Nous avons récupéré son application et l'avons fait passer sous Windows avec director 11. Et là miracle (une fois n'est pas coutume) la conversion est parfaite, l'application fonctionne très bien, aucun bug d'affichage, tout est ok. On a porté le nouveau fichier convertis sur Macintosh sans que cela ne résolve le problème. Le programme développé fonctionne sous PC mais pas sous Macintosh avec les deux même version logiciel de director et exactement les même fichiers . 

En utilisant la version d'essai 11.5, rien n'y fait, le problème reste le même, impossible d'exploiter le programme dans sa nouvelle version sous macintosh alors que sous pc ça fonctionne bien. De là à devoir passer sous windows.... Vous comprendrez qu'on préfèrerai éviter 

Est-ce que parmi vous quelqu'un aurait l'expertise d'un tel problème ou d'une fonctionnalité gérée différemment sous Macintosh dans la version 11 et qui ferait tout planter ?

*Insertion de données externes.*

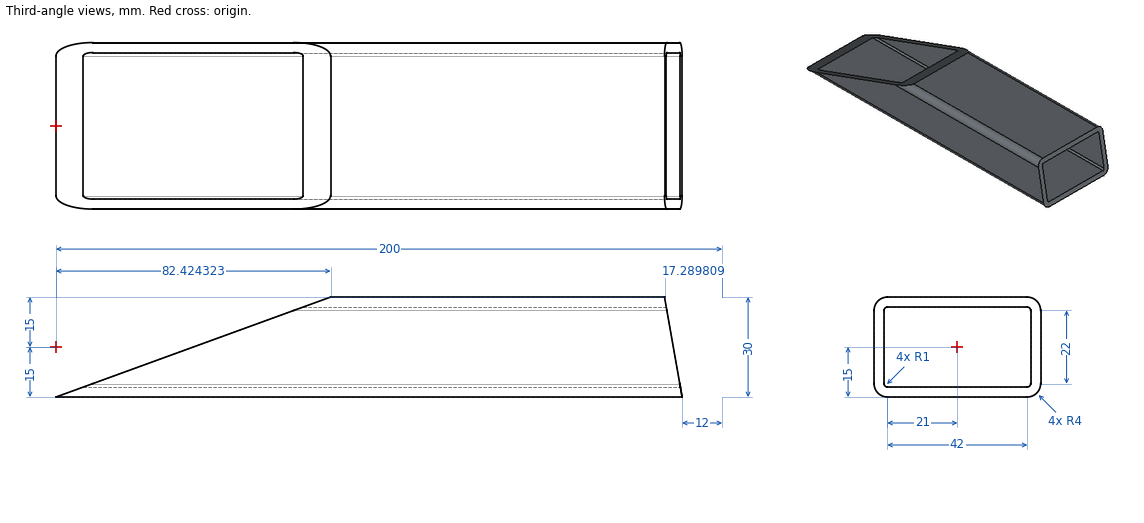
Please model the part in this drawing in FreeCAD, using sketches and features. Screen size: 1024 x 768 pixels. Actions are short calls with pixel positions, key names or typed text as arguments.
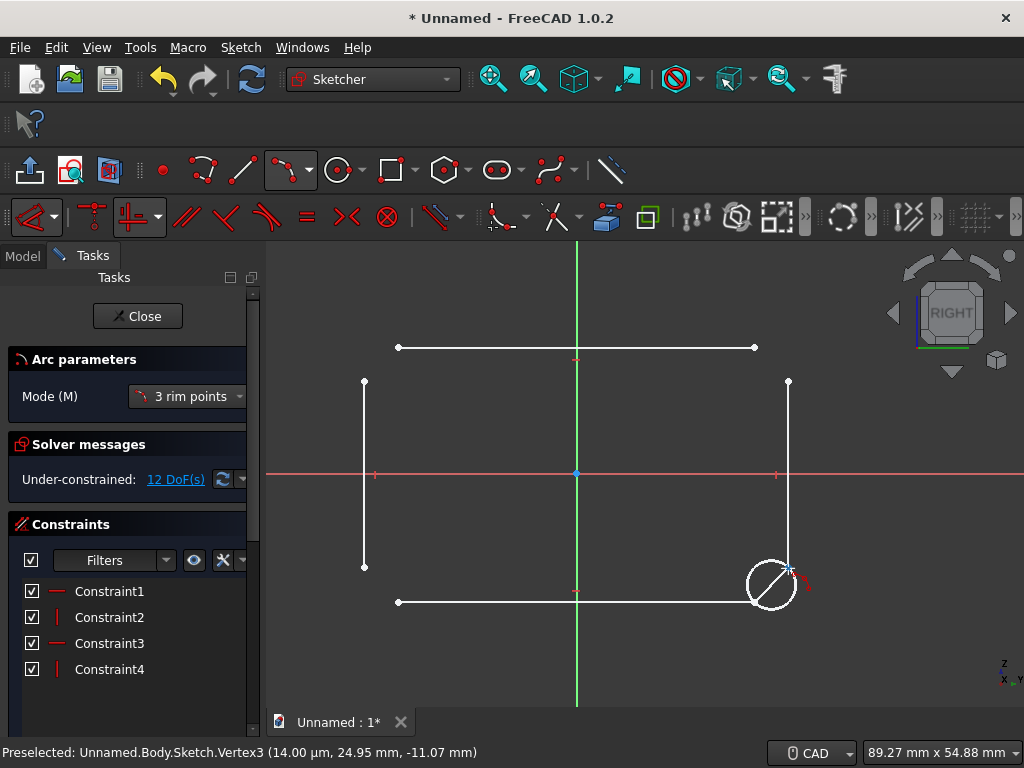
scroll(779, 591, up, 3)
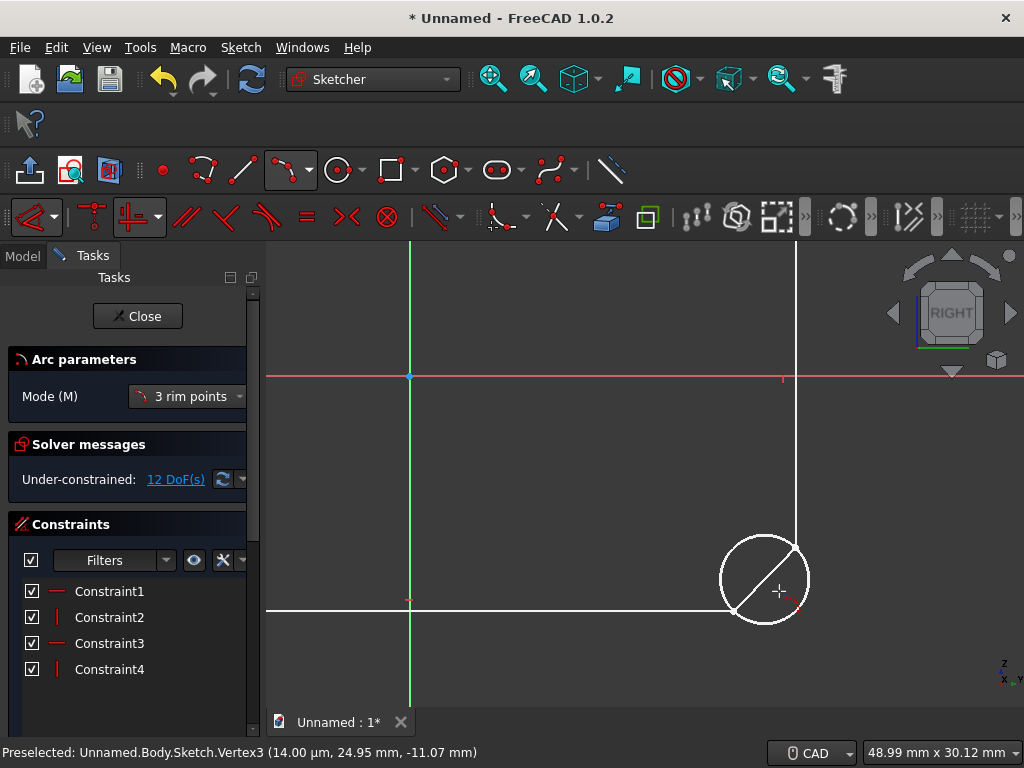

D'avance merci pour toutes infos qui pourrait nous aider à avancer !


----------



## tatouille (27 Mai 2010)

ssion a dit:


> Bonjour à tous et d'avance merci à ceux qui tenteront de comprendre le dysfonctionnement que l'on rencontre.
> 
> Un de mes collègues de travail bosse sur Macintosh et sur Director depuis le tout début.
> 
> ...



as tu recompile l'appli depuis windows? ce bug est la depuis matusalem.


----------



## ssion (27 Mai 2010)

Bonjour Tatouille,

Non l'application n'a pas été compilée. Le bug est déjà présent en mode édition. Le test de l'application en live ainsi que que la compilation de celle-ci ne change rien au dysfonctionnement rencontré  

Quand tu parle de ce bug, de quel bug s'agit-il ? à savoir quel sont les mécanisme en jeu qui ont été identifié, je n'en ai pas entendu parlé. 

Tout le problème que nous rencontrons actuellement c'est d'avoir des objets qui sont "invisible", qui à la sélection en mode édition, ont bien un contenu mais comme si il était inactif. Sur une fenêtre qu'on a créé par exemple, on distingue simplement le contour. Les lien ou le texte ne s'affichent pas.


----------



## tatouille (27 Mai 2010)

ssion a dit:


> Bonjour Tatouille,
> 
> Non l'application n'a pas été compilée. Le bug est déjà présent en mode édition. Le test de l'application en live ainsi que que la compilation de celle-ci ne change rien au dysfonctionnement rencontré
> 
> ...



compile et place tes labels sur windows et tu verras ca marchera sur le mac


----------